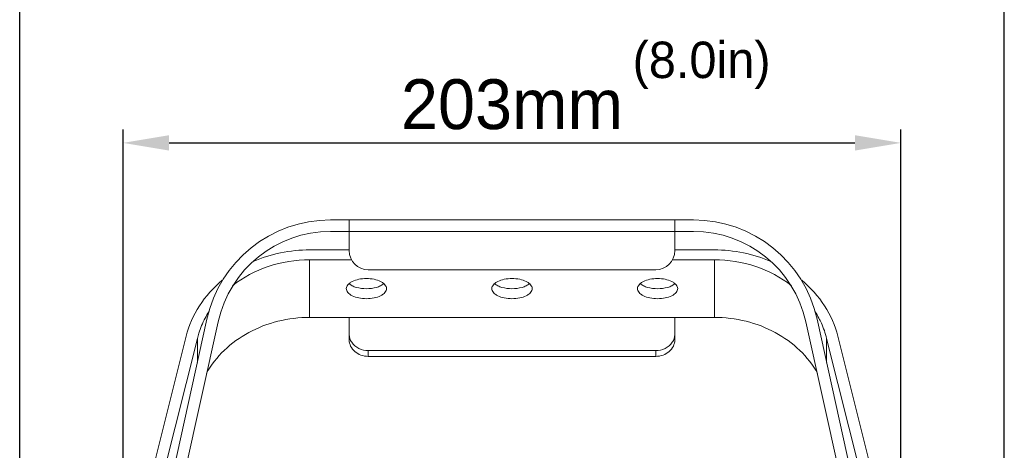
# Model space of a CAD drawing. Header units: millimetres. Extents: x 29035 to 30443, y 1864 to 2860.
# Tile 10 of 55: x 29280 to 29537, y 2581 to 2693. Entities that reach past the tile are written whole.
import ezdxf

# ---------------------------------------------------------------- set-up
doc = ezdxf.new("R2010")
doc.units = ezdxf.units.MM
doc.layers.add('\\M+5CFB8\\M+5CAB5\\M+5CFDF', color=7, linetype='Continuous', lineweight=13)
doc.dimstyles.new('ISO-25', dxfattribs={"dimtxt": 13, "dimasz": 12, "dimexe": 3.5, "dimexo": 0, "dimgap": 3.5, "dimtad": 1, "dimtxsty": 'Standard', "dimcen": 2.5, "dimadec": 0, "dimazin": 0, "dimtfac": 1, "dimtmove": 0, "dimatfit": 3, "dimfxl": 0, "dimarcsym": 0})

# ---------------------------------------------------------------- blocks, each defined once
blk = doc.blocks.new('*D5')
at = {"layer": '\\M+5CFB8\\M+5CAB5\\M+5CFDF', "color": 0, "lineweight": -2}
for p, q in [((29280.34, 2512.68), (29280.34, 2705.77)), ((29537.34, 2512.68), (29537.34, 2705.77)), ((29292.34, 2702.27), (29525.34, 2702.27))]:
    blk.add_line(p, q, dxfattribs=at)
at = {"layer": '\\M+5CFB8\\M+5CAB5\\M+5CFDF', "color": 0}
for points in [[(29292.34, 2704.27), (29292.34, 2700.27), (29280.34, 2702.27)], [(29525.34, 2704.27), (29525.34, 2700.27), (29537.34, 2702.27)]]:
    blk.add_solid(points, dxfattribs=at)
at = {"layer": 'Defpoints', "color": 0}
for p in [(29537.34, 2702.27), (29280.34, 2512.68), (29537.34, 2512.68)]:
    blk.add_point(p, dxfattribs=at)
at = {"layer": '\\M+5CFB8\\M+5CAB5\\M+5CFDF', "color": 0, "insert": (29408.84, 2712.27), "char_height": 13, "attachment_point": 5}
blk.add_mtext('257mm', dxfattribs=at)
blk = doc.blocks.new('*D6')
at = {"layer": '\\M+5CFB8\\M+5CAB5\\M+5CFDF', "color": 0, "lineweight": -2}
for p, q in [((29307.34, 2536.39), (29307.34, 2664.56)), ((29510.34, 2536.39), (29510.34, 2664.56)), ((29319.34, 2661.06), (29498.34, 2661.06))]:
    blk.add_line(p, q, dxfattribs=at)
at = {"layer": '\\M+5CFB8\\M+5CAB5\\M+5CFDF', "color": 0}
for points in [[(29319.34, 2663.06), (29319.34, 2659.06), (29307.34, 2661.06)], [(29498.34, 2663.06), (29498.34, 2659.06), (29510.34, 2661.06)]]:
    blk.add_solid(points, dxfattribs=at)
at = {"layer": 'Defpoints', "color": 0}
for p in [(29510.34, 2661.06), (29307.34, 2536.39), (29510.34, 2536.39)]:
    blk.add_point(p, dxfattribs=at)
at = {"layer": '\\M+5CFB8\\M+5CAB5\\M+5CFDF', "color": 0, "insert": (29408.84, 2671.06), "char_height": 13, "attachment_point": 5}
blk.add_mtext('203mm', dxfattribs=at)

msp = doc.modelspace()

# ---------------------------------------------------------------- linework, layer by layer
at = {"layer": '\\M+5CFB8\\M+5CAB5\\M+5CFDF'}
for p, q in [((29361.437, 2640.963), (29456.252, 2640.963)), ((29366.344, 2632.963), (29366.344, 2640.963)), ((29451.344, 2640.963), (29451.344, 2632.963)), ((29361.437, 2637.963), (29456.252, 2637.963)), ((29356.029, 2633.161), (29366.344, 2633.161)), ((29451.344, 2633.161), (29461.66, 2633.161)), ((29366.973, 2630.563), (29356.029, 2630.563)), ((29356.029, 2630.563), (29356.029, 2615.563)), ((29461.66, 2630.563), (29450.716, 2630.563)), ((29461.66, 2630.563), (29461.66, 2615.563)), ((29371.344, 2627.963), (29446.344, 2627.963)), ((29313.462, 2543.824), (29329.215, 2615.086)), ((29316.344, 2542.963), (29332.144, 2614.439)), ((29356.029, 2615.563), (29461.66, 2615.563)), ((29366.344, 2615.563), (29366.344, 2609.733)), ((29451.344, 2609.733), (29451.344, 2615.563)), ((29501.344, 2542.963), (29485.545, 2614.439)), ((29504.227, 2543.824), (29488.474, 2615.086)), ((29312.052, 2563.879), (29323.78, 2610.648)), ((29326.712, 2610.096), (29315.122, 2563.879)), ((29326.712, 2610.096), (29326.712, 2603.763)), ((29502.567, 2563.879), (29490.977, 2610.096)), ((29490.977, 2610.096), (29490.977, 2603.763)), ((29493.909, 2610.648), (29505.637, 2563.879)), ((29371.344, 2606.903), (29446.344, 2606.903)), ((29371.344, 2606.903), (29371.344, 2605.403)), ((29446.344, 2605.403), (29446.344, 2606.903)), ((29446.344, 2605.403), (29371.344, 2605.403))]:
    msp.add_line(p, q, dxfattribs=at)
for centre, radius, start, end in [((29361.437, 2607.963), 33, 90, 167.53507), ((29456.252, 2607.963), 33, 12.46493, 90), ((29361.437, 2607.963), 30, 90, 167.53507), ((29456.252, 2607.963), 30, 12.46493, 90), ((29371.344, 2632.963), 5, 180, 270), ((29446.344, 2632.963), 5, 270, 0), ((29350.7, 2603.788), 24.83, 147.46394, 152.23467), ((29466.989, 2603.788), 24.83, 27.76533, 32.53606)]:
    msp.add_arc(centre, radius, start, end, dxfattribs=at)
for points, knots in [([(29356.029, 2633.161), (29353.487, 2633.161), (29348.423, 2632.655), (29343.564, 2631.138), (29341.262, 2630.14)], [0, 0, 0, 0, 0.5032886, 1, 1, 1, 1]), ([(29476.427, 2630.14), (29474.125, 2631.138), (29469.265, 2632.655), (29464.202, 2633.161), (29461.66, 2633.161)], [0, 0, 0, 0, 0.4967114, 1, 1, 1, 1]), ([(29335.873, 2623.826), (29338.653, 2626.01), (29345.152, 2629.427), (29352.381, 2630.563), (29356.029, 2630.563)], [0, 0, 0, 0, 0.4921363, 1, 1, 1, 1]), ([(29461.66, 2630.563), (29465.308, 2630.563), (29472.537, 2629.427), (29479.036, 2626.01), (29481.816, 2623.826)], [0, 0, 0, 0, 0.5078637, 1, 1, 1, 1]), ([(29333.21, 2625.228), (29330.91, 2623.321), (29326.902, 2618.907), (29324.48, 2613.436), (29323.78, 2610.648)], [0, 0, 0, 0, 0.5095843, 1, 1, 1, 1]), ([(29365.595, 2623.063), (29365.595, 2623.237), (29365.671, 2623.606), (29365.992, 2624.109), (29366.492, 2624.561), (29367.422, 2625.112), (29368.897, 2625.568), (29370.171, 2625.688), (29370.844, 2625.688)], [0, 0, 0, 0, 0.0823047, 0.1731304, 0.2778913, 0.3984526, 0.6815901, 1, 1, 1, 1]), ([(29370.844, 2623.036), (29369.961, 2623.036), (29368.675, 2623.189), (29367.166, 2623.747), (29366.547, 2624.133), (29366.296, 2624.35)], [0, 0, 0, 0, 0.5508298, 0.7929701, 1, 1, 1, 1]), ([(29370.844, 2625.688), (29371.518, 2625.688), (29372.792, 2625.568), (29374.267, 2625.112), (29375.197, 2624.561), (29375.697, 2624.109), (29376.018, 2623.606), (29376.094, 2623.237), (29376.094, 2623.063)], [0, 0, 0, 0, 0.3184099, 0.6015474, 0.7221087, 0.8268696, 0.9176953, 1, 1, 1, 1]), ([(29375.393, 2624.35), (29375.142, 2624.133), (29374.523, 2623.747), (29373.014, 2623.189), (29371.728, 2623.036), (29370.844, 2623.036)], [0, 0, 0, 0, 0.2070299, 0.4491702, 1, 1, 1, 1]), ([(29403.595, 2623.063), (29403.595, 2623.237), (29403.671, 2623.606), (29403.992, 2624.109), (29404.492, 2624.561), (29405.422, 2625.112), (29406.897, 2625.568), (29408.171, 2625.688), (29408.844, 2625.688)], [0, 0, 0, 0, 0.0823047, 0.1731304, 0.2778913, 0.3984526, 0.6815901, 1, 1, 1, 1]), ([(29408.844, 2623.036), (29407.961, 2623.036), (29406.675, 2623.189), (29405.166, 2623.747), (29404.547, 2624.133), (29404.296, 2624.35)], [0, 0, 0, 0, 0.5508298, 0.7929701, 1, 1, 1, 1]), ([(29408.844, 2625.688), (29409.518, 2625.688), (29410.792, 2625.568), (29412.267, 2625.112), (29413.197, 2624.561), (29413.697, 2624.109), (29414.018, 2623.606), (29414.094, 2623.237), (29414.094, 2623.063)], [0, 0, 0, 0, 0.3184099, 0.6015474, 0.7221087, 0.8268696, 0.9176953, 1, 1, 1, 1]), ([(29413.393, 2624.35), (29413.142, 2624.133), (29412.523, 2623.747), (29411.014, 2623.189), (29409.728, 2623.036), (29408.844, 2623.036)], [0, 0, 0, 0, 0.2070299, 0.4491702, 1, 1, 1, 1]), ([(29441.595, 2623.063), (29441.595, 2623.237), (29441.671, 2623.606), (29441.992, 2624.109), (29442.492, 2624.561), (29443.422, 2625.112), (29444.897, 2625.568), (29446.171, 2625.688), (29446.844, 2625.688)], [0, 0, 0, 0, 0.0823047, 0.1731304, 0.2778913, 0.3984526, 0.6815901, 1, 1, 1, 1]), ([(29446.844, 2623.036), (29445.961, 2623.036), (29444.675, 2623.189), (29443.166, 2623.747), (29442.547, 2624.133), (29442.296, 2624.35)], [0, 0, 0, 0, 0.5508298, 0.7929701, 1, 1, 1, 1]), ([(29446.844, 2625.688), (29447.518, 2625.688), (29448.792, 2625.568), (29450.267, 2625.112), (29451.197, 2624.561), (29451.697, 2624.109), (29452.018, 2623.606), (29452.094, 2623.237), (29452.094, 2623.063)], [0, 0, 0, 0, 0.3184099, 0.6015474, 0.7221087, 0.8268696, 0.9176953, 1, 1, 1, 1]), ([(29451.393, 2624.35), (29451.142, 2624.133), (29450.523, 2623.747), (29449.014, 2623.189), (29447.728, 2623.036), (29446.844, 2623.036)], [0, 0, 0, 0, 0.2070299, 0.4491702, 1, 1, 1, 1]), ([(29493.909, 2610.648), (29493.209, 2613.436), (29490.787, 2618.907), (29486.779, 2623.321), (29484.479, 2625.228)], [0, 0, 0, 0, 0.4904157, 1, 1, 1, 1]), ([(29370.844, 2620.438), (29370.171, 2620.438), (29368.897, 2620.558), (29367.422, 2621.015), (29366.492, 2621.565), (29365.992, 2622.017), (29365.671, 2622.52), (29365.595, 2622.889), (29365.595, 2623.063)], [0, 0, 0, 0, 0.3184099, 0.6015474, 0.7221087, 0.8268696, 0.9176953, 1, 1, 1, 1]), ([(29376.094, 2623.063), (29376.094, 2622.889), (29376.018, 2622.52), (29375.697, 2622.017), (29375.197, 2621.565), (29374.267, 2621.015), (29372.792, 2620.558), (29371.518, 2620.438), (29370.844, 2620.438)], [0, 0, 0, 0, 0.0823047, 0.1731304, 0.2778913, 0.3984526, 0.6815901, 1, 1, 1, 1]), ([(29408.844, 2620.438), (29408.171, 2620.438), (29406.897, 2620.558), (29405.422, 2621.015), (29404.492, 2621.565), (29403.992, 2622.017), (29403.671, 2622.52), (29403.595, 2622.889), (29403.595, 2623.063)], [0, 0, 0, 0, 0.3184099, 0.6015474, 0.7221087, 0.8268696, 0.9176953, 1, 1, 1, 1]), ([(29414.094, 2623.063), (29414.094, 2622.889), (29414.018, 2622.52), (29413.697, 2622.017), (29413.197, 2621.565), (29412.267, 2621.015), (29410.792, 2620.558), (29409.518, 2620.438), (29408.844, 2620.438)], [0, 0, 0, 0, 0.0823047, 0.1731304, 0.2778913, 0.3984526, 0.6815901, 1, 1, 1, 1]), ([(29446.844, 2620.438), (29446.171, 2620.438), (29444.897, 2620.558), (29443.422, 2621.015), (29442.492, 2621.565), (29441.992, 2622.017), (29441.671, 2622.52), (29441.595, 2622.889), (29441.595, 2623.063)], [0, 0, 0, 0, 0.3184099, 0.6015474, 0.7221087, 0.8268696, 0.9176953, 1, 1, 1, 1]), ([(29452.094, 2623.063), (29452.094, 2622.889), (29452.018, 2622.52), (29451.697, 2622.017), (29451.197, 2621.565), (29450.267, 2621.015), (29448.792, 2620.558), (29447.518, 2620.438), (29446.844, 2620.438)], [0, 0, 0, 0, 0.0823047, 0.1731304, 0.2778913, 0.3984526, 0.6815901, 1, 1, 1, 1]), ([(29326.712, 2610.096), (29326.826, 2610.549), (29327.338, 2612.358), (29328.071, 2614.105), (29328.729, 2615.355)], [0, 0, 0, 0, 0.2482201, 1, 1, 1, 1]), ([(29329.064, 2600.971), (29330.307, 2603.178), (29333.559, 2607.308), (29340.046, 2611.965), (29347.726, 2614.899), (29353.252, 2615.563), (29356.029, 2615.563)], [0, 0, 0, 0, 0.2373754, 0.4843844, 0.7397768, 1, 1, 1, 1]), ([(29461.66, 2615.563), (29464.437, 2615.563), (29469.963, 2614.899), (29477.643, 2611.965), (29484.13, 2607.308), (29487.382, 2603.178), (29488.625, 2600.971)], [0, 0, 0, 0, 0.2602232, 0.5156156, 0.7626246, 1, 1, 1, 1]), ([(29488.96, 2615.355), (29489.181, 2614.936), (29490.008, 2613.247), (29490.635, 2611.46), (29490.977, 2610.096)], [0, 0, 0, 0, 0.2522814, 1, 1, 1, 1]), ([(29366.344, 2611.233), (29366.344, 2610.855), (29366.462, 2610.087), (29366.8, 2609.389), (29367.014, 2609.068)], [0, 0, 0, 0, 0.4947504, 1, 1, 1, 1]), ([(29450.675, 2609.068), (29450.889, 2609.389), (29451.227, 2610.087), (29451.344, 2610.855), (29451.344, 2611.233)], [0, 0, 0, 0, 0.5052496, 1, 1, 1, 1]), ([(29371.344, 2605.403), (29370.697, 2605.403), (29369.414, 2605.619), (29367.758, 2606.558), (29366.62, 2607.993), (29366.344, 2609.166), (29366.344, 2609.733)], [0, 0, 0, 0, 0.2663474, 0.5234003, 0.7667651, 1, 1, 1, 1]), ([(29367.014, 2609.068), (29367.462, 2608.397), (29368.802, 2607.273), (29370.489, 2606.903), (29371.344, 2606.903)], [0, 0, 0, 0, 0.4854238, 1, 1, 1, 1]), ([(29451.344, 2609.733), (29451.344, 2609.166), (29451.069, 2607.993), (29449.931, 2606.558), (29448.275, 2605.619), (29446.992, 2605.403), (29446.344, 2605.403)], [0, 0, 0, 0, 0.2332349, 0.4765997, 0.7336526, 1, 1, 1, 1]), ([(29446.344, 2606.903), (29447.2, 2606.903), (29448.887, 2607.273), (29450.227, 2608.397), (29450.675, 2609.068)], [0, 0, 0, 0, 0.5145762, 1, 1, 1, 1])]:
    msp.add_open_spline(points, degree=3, knots=knots, dxfattribs=at)

# ---------------------------------------------------------------- texts
at = {"layer": '\\M+5CFB8\\M+5CAB5\\M+5CFDF', "insert": (29440.325, 2687.457), "char_height": 9.5, "width": 113.82149, "attachment_point": 1}
msp.add_mtext('(8.0in)', dxfattribs=at)

# ---------------------------------------------------------------- dimensions: what is measured, and where the dimension line sits
at = {"layer": '\\M+5CFB8\\M+5CAB5\\M+5CFDF'}
for base, p1, p2, picture, middle in [((29537.344, 2702.274), (29280.344, 2512.684), (29537.344, 2512.684), '*D5', (29408.844, 2712.274)), ((29510.344, 2661.061), (29307.344, 2536.388), (29510.344, 2536.388), '*D6', (29408.844, 2671.061))]:
    dim = msp.add_linear_dim(base=base, p1=p1, p2=p2, text='<>mm', dimstyle='ISO-25', dxfattribs=at)
    dim.commit()
    dim.dimension.update_dxf_attribs({"geometry": picture, "text_midpoint": middle})

doc.saveas('drawing.dxf')
⁂
● WHAT THE TASK REQUIRES
A word-for-word copy of the lines from the start of the listing through the line containing "blk.add_mtext('257mm', dxfattribs=at)" is the answer. Pictures stay out of it.

● SOLVED EXERCISE
# Model space of a CAD drawing. Header units: millimetres. Extents: x 29035 to 30443, y 1864 to 2860.
# Tile 10 of 55: x 29280 to 29537, y 2581 to 2693. Entities that reach past the tile are written whole.
import ezdxf

# ---------------------------------------------------------------- set-up
doc = ezdxf.new("R2010")
doc.units = ezdxf.units.MM
doc.layers.add('\\M+5CFB8\\M+5CAB5\\M+5CFDF', color=7, linetype='Continuous', lineweight=13)
doc.dimstyles.new('ISO-25', dxfattribs={"dimtxt": 13, "dimasz": 12, "dimexe": 3.5, "dimexo": 0, "dimgap": 3.5, "dimtad": 1, "dimtxsty": 'Standard', "dimcen": 2.5, "dimadec": 0, "dimazin": 0, "dimtfac": 1, "dimtmove": 0, "dimatfit": 3, "dimfxl": 0, "dimarcsym": 0})

# ---------------------------------------------------------------- blocks, each defined once
blk = doc.blocks.new('*D5')
at = {"layer": '\\M+5CFB8\\M+5CAB5\\M+5CFDF', "color": 0, "lineweight": -2}
for p, q in [((29280.34, 2512.68), (29280.34, 2705.77)), ((29537.34, 2512.68), (29537.34, 2705.77)), ((29292.34, 2702.27), (29525.34, 2702.27))]:
    blk.add_line(p, q, dxfattribs=at)
at = {"layer": '\\M+5CFB8\\M+5CAB5\\M+5CFDF', "color": 0}
for points in [[(29292.34, 2704.27), (29292.34, 2700.27), (29280.34, 2702.27)], [(29525.34, 2704.27), (29525.34, 2700.27), (29537.34, 2702.27)]]:
    blk.add_solid(points, dxfattribs=at)
at = {"layer": 'Defpoints', "color": 0}
for p in [(29537.34, 2702.27), (29280.34, 2512.68), (29537.34, 2512.68)]:
    blk.add_point(p, dxfattribs=at)
at = {"layer": '\\M+5CFB8\\M+5CAB5\\M+5CFDF', "color": 0, "insert": (29408.84, 2712.27), "char_height": 13, "attachment_point": 5}
blk.add_mtext('257mm', dxfattribs=at)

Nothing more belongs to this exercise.